→ **WORK TO COMPLETE**:
Lines from the one containing "And now the person (297,414,839,1079), please." through the last line of the data are to be repeated word for word, both ends included.

-*-

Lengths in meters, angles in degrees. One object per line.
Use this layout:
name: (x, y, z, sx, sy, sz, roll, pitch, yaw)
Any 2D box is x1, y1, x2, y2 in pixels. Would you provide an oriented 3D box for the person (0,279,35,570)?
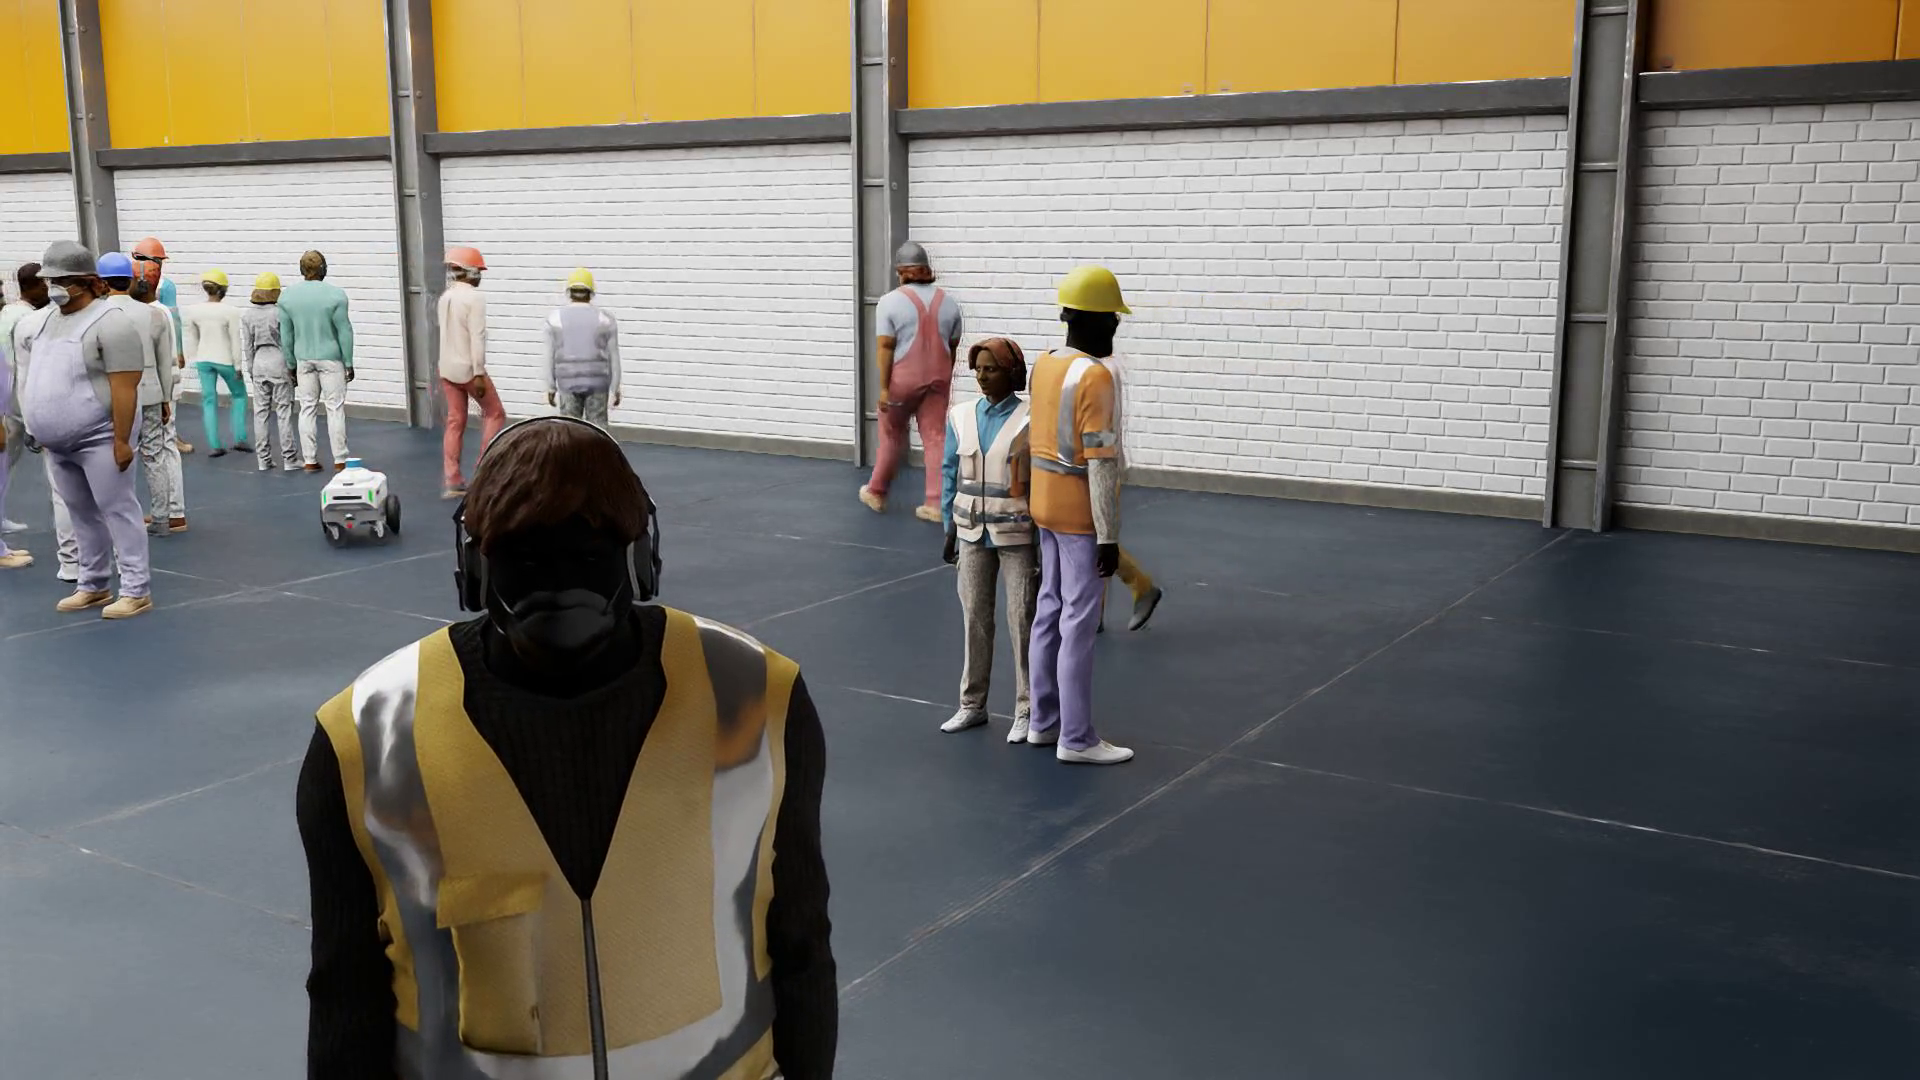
person: (-5.972, -0.724, 10.222, 0.357, 1.836, 0.511, -8, 13, -38)

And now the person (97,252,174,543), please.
person: (-5.596, -0.947, 11.166, 0.414, 1.941, 0.606, 8, 13, 39)

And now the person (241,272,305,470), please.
person: (-6.053, -1.482, 14.671, 0.487, 1.744, 0.294, 2, 10, 8)

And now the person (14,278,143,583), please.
person: (-5.214, -0.704, 9.888, 0.654, 1.911, 0.408, -6, 12, -30)

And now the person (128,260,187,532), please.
person: (-5.590, -0.988, 11.545, 0.356, 1.883, 0.574, -5, 11, -24)

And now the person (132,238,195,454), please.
person: (-7.590, -1.819, 15.704, 0.615, 2.041, 0.391, 2, 10, 13)

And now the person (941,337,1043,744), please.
person: (0.155, 0.000, 6.744, 0.523, 1.639, 0.306, 6, 12, 30)

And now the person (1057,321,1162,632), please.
person: (0.713, -0.360, 8.435, 0.476, 1.757, 0.537, -2, 10, -10)

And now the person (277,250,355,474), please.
person: (-5.547, -1.533, 14.412, 0.629, 1.940, 0.373, 0, 10, 2)

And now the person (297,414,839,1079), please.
person: (-0.448, 0.761, 2.009, 0.619, 1.836, 0.431, -3, 11, -16)

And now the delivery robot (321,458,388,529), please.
delivery robot: (-4.068, -0.306, 11.185, 0.477, 0.478, 0.707, -2, 10, -12)

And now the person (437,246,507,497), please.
person: (-3.868, -1.332, 13.182, 0.660, 1.965, 0.638, 8, 13, 38)

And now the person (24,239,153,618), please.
person: (-4.711, -0.594, 8.923, 0.681, 2.000, 0.535, 5, 11, 27)

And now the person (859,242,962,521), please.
person: (-0.381, -1.185, 12.196, 0.708, 2.000, 0.954, -6, 12, -29)

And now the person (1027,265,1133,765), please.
person: (0.469, -0.095, 6.473, 0.382, 1.924, 0.594, -4, 11, -22)

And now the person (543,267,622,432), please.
person: (-2.968, -1.239, 13.139, 0.594, 1.821, 0.412, -1, 10, -4)

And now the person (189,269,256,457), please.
person: (-6.943, -1.664, 15.656, 0.533, 1.745, 0.600, 1, 10, 4)

-*-

→ **EXERCISE SOLUTION**:
And now the person (297,414,839,1079), please.
person: (-0.448, 0.761, 2.009, 0.619, 1.836, 0.431, -3, 11, -16)

And now the delivery robot (321,458,388,529), please.
delivery robot: (-4.068, -0.306, 11.185, 0.477, 0.478, 0.707, -2, 10, -12)

And now the person (437,246,507,497), please.
person: (-3.868, -1.332, 13.182, 0.660, 1.965, 0.638, 8, 13, 38)

And now the person (24,239,153,618), please.
person: (-4.711, -0.594, 8.923, 0.681, 2.000, 0.535, 5, 11, 27)

And now the person (859,242,962,521), please.
person: (-0.381, -1.185, 12.196, 0.708, 2.000, 0.954, -6, 12, -29)

And now the person (1027,265,1133,765), please.
person: (0.469, -0.095, 6.473, 0.382, 1.924, 0.594, -4, 11, -22)

And now the person (543,267,622,432), please.
person: (-2.968, -1.239, 13.139, 0.594, 1.821, 0.412, -1, 10, -4)

And now the person (189,269,256,457), please.
person: (-6.943, -1.664, 15.656, 0.533, 1.745, 0.600, 1, 10, 4)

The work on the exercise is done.